● **TASK REQUIREMENTS**
Nothing should be left out. Transcribe the entries exactly as written.

● **Items from a data source**
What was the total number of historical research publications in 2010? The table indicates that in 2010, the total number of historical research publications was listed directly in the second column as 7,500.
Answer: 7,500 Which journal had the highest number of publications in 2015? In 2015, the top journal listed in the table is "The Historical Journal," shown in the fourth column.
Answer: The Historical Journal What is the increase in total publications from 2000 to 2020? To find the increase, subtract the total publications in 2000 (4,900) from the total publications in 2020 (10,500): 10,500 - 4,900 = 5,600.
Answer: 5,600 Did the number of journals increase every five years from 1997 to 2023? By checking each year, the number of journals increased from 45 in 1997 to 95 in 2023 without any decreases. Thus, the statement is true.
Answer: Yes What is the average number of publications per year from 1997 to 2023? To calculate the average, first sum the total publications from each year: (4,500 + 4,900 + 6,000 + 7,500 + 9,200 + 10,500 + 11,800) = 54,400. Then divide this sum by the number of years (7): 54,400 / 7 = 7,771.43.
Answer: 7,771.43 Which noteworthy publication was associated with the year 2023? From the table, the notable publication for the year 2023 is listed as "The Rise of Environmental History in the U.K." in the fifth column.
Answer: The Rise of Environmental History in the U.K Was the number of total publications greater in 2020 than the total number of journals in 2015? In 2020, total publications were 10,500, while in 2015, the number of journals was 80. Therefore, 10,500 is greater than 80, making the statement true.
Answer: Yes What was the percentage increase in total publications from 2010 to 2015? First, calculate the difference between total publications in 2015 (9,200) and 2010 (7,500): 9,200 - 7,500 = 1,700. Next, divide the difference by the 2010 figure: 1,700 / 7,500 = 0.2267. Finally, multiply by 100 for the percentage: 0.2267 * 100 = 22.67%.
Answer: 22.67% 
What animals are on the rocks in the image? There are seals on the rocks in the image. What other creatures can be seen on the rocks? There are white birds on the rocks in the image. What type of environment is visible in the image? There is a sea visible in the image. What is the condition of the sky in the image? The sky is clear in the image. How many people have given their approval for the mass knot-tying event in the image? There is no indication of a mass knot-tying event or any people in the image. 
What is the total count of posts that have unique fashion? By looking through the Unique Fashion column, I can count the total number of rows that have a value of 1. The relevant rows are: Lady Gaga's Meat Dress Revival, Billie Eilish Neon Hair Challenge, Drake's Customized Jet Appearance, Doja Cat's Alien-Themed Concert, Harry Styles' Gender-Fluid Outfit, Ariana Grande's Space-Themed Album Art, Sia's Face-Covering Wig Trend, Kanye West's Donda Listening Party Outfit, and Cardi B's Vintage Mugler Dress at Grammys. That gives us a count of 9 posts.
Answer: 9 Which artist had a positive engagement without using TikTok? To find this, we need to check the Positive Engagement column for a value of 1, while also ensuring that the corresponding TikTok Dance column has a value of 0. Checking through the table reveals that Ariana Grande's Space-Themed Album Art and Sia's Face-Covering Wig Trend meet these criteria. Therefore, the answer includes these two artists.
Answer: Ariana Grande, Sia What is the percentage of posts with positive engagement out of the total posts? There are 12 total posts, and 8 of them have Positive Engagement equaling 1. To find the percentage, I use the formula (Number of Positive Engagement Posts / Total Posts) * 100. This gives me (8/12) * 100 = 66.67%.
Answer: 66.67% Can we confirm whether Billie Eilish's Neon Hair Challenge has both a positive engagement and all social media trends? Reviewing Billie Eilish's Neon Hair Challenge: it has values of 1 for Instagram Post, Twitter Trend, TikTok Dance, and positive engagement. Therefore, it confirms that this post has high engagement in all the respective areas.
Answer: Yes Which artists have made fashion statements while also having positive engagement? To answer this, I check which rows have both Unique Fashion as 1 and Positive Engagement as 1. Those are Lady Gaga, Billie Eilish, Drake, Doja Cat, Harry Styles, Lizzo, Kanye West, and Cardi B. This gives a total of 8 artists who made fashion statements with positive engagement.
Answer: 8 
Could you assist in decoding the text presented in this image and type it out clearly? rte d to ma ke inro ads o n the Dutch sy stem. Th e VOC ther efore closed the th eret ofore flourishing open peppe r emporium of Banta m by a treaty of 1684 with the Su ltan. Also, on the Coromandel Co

● **ANSWER BELOW**
What was the total number of historical research publications in 2010? The table indicates that in 2010, the total number of historical research publications was listed directly in the second column as 7,500.
Answer: 7,500 Which journal had the highest number of publications in 2015? In 2015, the top journal listed in the table is "The Historical Journal," shown in the fourth column.
Answer: The Historical Journal What is the increase in total publications from 2000 to 2020? To find the increase, subtract the total publications in 2000 (4,900) from the total publications in 2020 (10,500): 10,500 - 4,900 = 5,600.
Answer: 5,600 Did the number of journals increase every five years from 1997 to 2023? By checking each year, the number of journals increased from 45 in 1997 to 95 in 2023 without any decreases. Thus, the statement is true.
Answer: Yes What is the average number of publications per year from 1997 to 2023? To calculate the average, first sum the total publications from each year: (4,500 + 4,900 + 6,000 + 7,500 + 9,200 + 10,500 + 11,800) = 54,400. Then divide this sum by the number of years (7): 54,400 / 7 = 7,771.43.
Answer: 7,771.43 Which noteworthy publication was associated with the year 2023? From the table, the notable publication for the year 2023 is listed as "The Rise of Environmental History in the U.K." in the fifth column.
Answer: The Rise of Environmental History in the U.K Was the number of total publications greater in 2020 than the total number of journals in 2015? In 2020, total publications were 10,500, while in 2015, the number of journals was 80. Therefore, 10,500 is greater than 80, making the statement true.
Answer: Yes What was the percentage increase in total publications from 2010 to 2015? First, calculate the difference between total publications in 2015 (9,200) and 2010 (7,500): 9,200 - 7,500 = 1,700. Next, divide the difference by the 2010 figure: 1,700 / 7,500 = 0.2267. Finally, multiply by 100 for the percentage: 0.2267 * 100 = 22.67%.
Answer: 22.67% 
What animals are on the rocks in the image? There are seals on the rocks in the image. What other creatures can be seen on the rocks? There are white birds on the rocks in the image. What type of environment is visible in the image? There is a sea visible in the image. What is the condition of the sky in the image? The sky is clear in the image. How many people have given their approval for the mass knot-tying event in the image? There is no indication of a mass knot-tying event or any people in the image. 
What is the total count of posts that have unique fashion? By looking through the Unique Fashion column, I can count the total number of rows that have a value of 1. The relevant rows are: Lady Gaga's Meat Dress Revival, Billie Eilish Neon Hair Challenge, Drake's Customized Jet Appearance, Doja Cat's Alien-Themed Concert, Harry Styles' Gender-Fluid Outfit, Ariana Grande's Space-Themed Album Art, Sia's Face-Covering Wig Trend, Kanye West's Donda Listening Party Outfit, and Cardi B's Vintage Mugler Dress at Grammys. That gives us a count of 9 posts.
Answer: 9 Which artist had a positive engagement without using TikTok? To find this, we need to check the Positive Engagement column for a value of 1, while also ensuring that the corresponding TikTok Dance column has a value of 0. Checking through the table reveals that Ariana Grande's Space-Themed Album Art and Sia's Face-Covering Wig Trend meet these criteria. Therefore, the answer includes these two artists.
Answer: Ariana Grande, Sia What is the percentage of posts with positive engagement out of the total posts? There are 12 total posts, and 8 of them have Positive Engagement equaling 1. To find the percentage, I use the formula (Number of Positive Engagement Posts / Total Posts) * 100. This gives me (8/12) * 100 = 66.67%.
Answer: 66.67% Can we confirm whether Billie Eilish's Neon Hair Challenge has both a positive engagement and all social media trends? Reviewing Billie Eilish's Neon Hair Challenge: it has values of 1 for Instagram Post, Twitter Trend, TikTok Dance, and positive engagement. Therefore, it confirms that this post has high engagement in all the respective areas.
Answer: Yes Which artists have made fashion statements while also having positive engagement? To answer this, I check which rows have both Unique Fashion as 1 and Positive Engagement as 1. Those are Lady Gaga, Billie Eilish, Drake, Doja Cat, Harry Styles, Lizzo, Kanye West, and Cardi B. This gives a total of 8 artists who made fashion statements with positive engagement.
Answer: 8 
Could you assist in decoding the text presented in this image and type it out clearly? rte d to ma ke inro ads o n the Dutch sy stem. Th e VOC ther efore closed the th eret ofore flourishing open peppe r emporium of Banta m by a treaty of 1684 with the Su ltan. Also, on the Coromandel Co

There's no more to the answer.